Keeping Kids Safe Online

Around two-thirds of fourth to eighth graders have access to cellphones or tablets and almost half have computers in their bedrooms. Today’s kids are growing up in a world where online activities are the norm. The internet is educational and entertaining and provides a platform for social interaction. But it also poses threats to the safety and wellbeing of young people inexperienced at recognizing danger.

Golden West takes its responsibility of connecting you and your family to the world seriously. Taking the time to teach your kids online safety will help ensure their experience is positive and keep them safe from threats that lurk in the virtual shadows. Here are five things you can do to help.

  1. Talk about internet safety. Knowledge is power. Discuss various risks such as dangerous or inappropriate websites, online frauds and scams, and sexual predators. You may find topics like these uncomfortable to talk about, but don’t shy away from difficult conversations. Maintaining an open dialogue helps ensure their personal safety and encourages them to be honest with you in the future.
  2. Set parental controls. Most games, apps, social media sites, browsers, and electronic devices have built-in privacy settings.
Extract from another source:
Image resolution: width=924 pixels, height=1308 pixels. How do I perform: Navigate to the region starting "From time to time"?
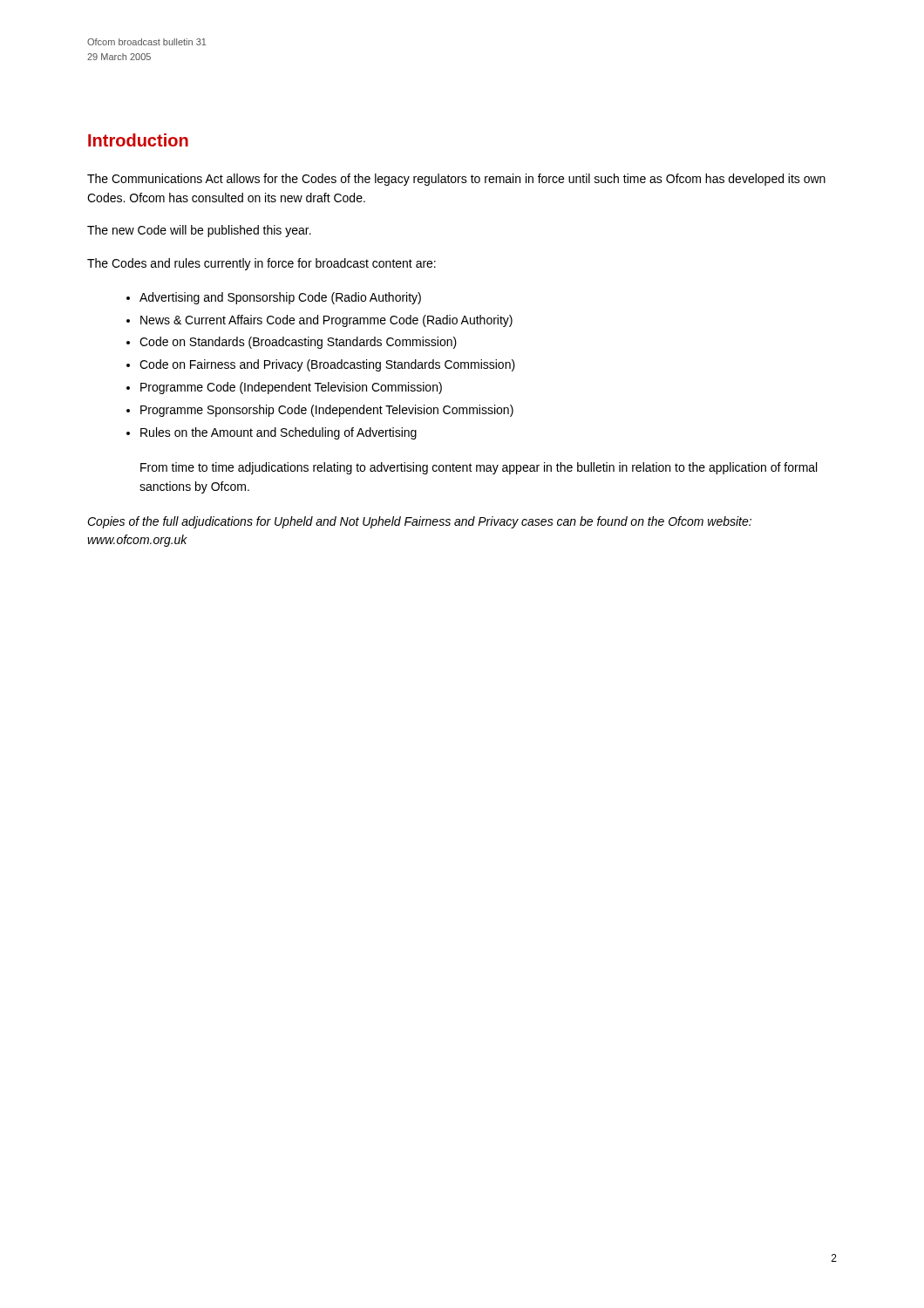click(x=488, y=478)

These can be adjusted by the parent to an age-appropriate level. Turn on “SafeSearch” in Google Search and Google Images to help filter content. Purchase parental control software for an added layer of protection.
  3. Monitor online activity. Keep an eye on your children’s internet activity by keeping computers and other electronic devices in a common room, setting limits on screen time, having access to their passwords, and reviewing their browsing history regularly. Consider having them sign an online safety contract.
  4. Don’t share personal information. Let your kids know they should never give out personal information such as names, addresses, phone numbers, and social security numbers. Additionally, they should avoid sharing photos and videos on public sites. Drive home the point that images posted online tend to remain there permanently.
  5. Teach kids about boundaries. Stress the importance of saying “no” to inappropriate requests and encourage them to report any questionable activity or behavior to a trusted adult.

Be Aware of Cyberbullying Signs
Cyberbullying — a form of harassment using digital technologies — is especially prevalent, with nearly 60% of teens falling victim. The most common acts include offensive name-calling, spreading false rumors, receiving unsolicited explicit images, physical threats, and sharing explicit images without consent.

Even with strict safeguards in place, there’s still the possibility that your child might be targeted without your knowledge. Be aware of signs, such as:

  • Changes in your child’s behavior, including stress and withdrawal.
  • No longer using the internet or checking their phone.
  • Avoiding social and school events.
  • Declining grades.
  • Loss of appetite and/or trouble sleeping.

If you’re vigilant and keep the lines of communication open, your kids can have a safe and enjoyable online experience.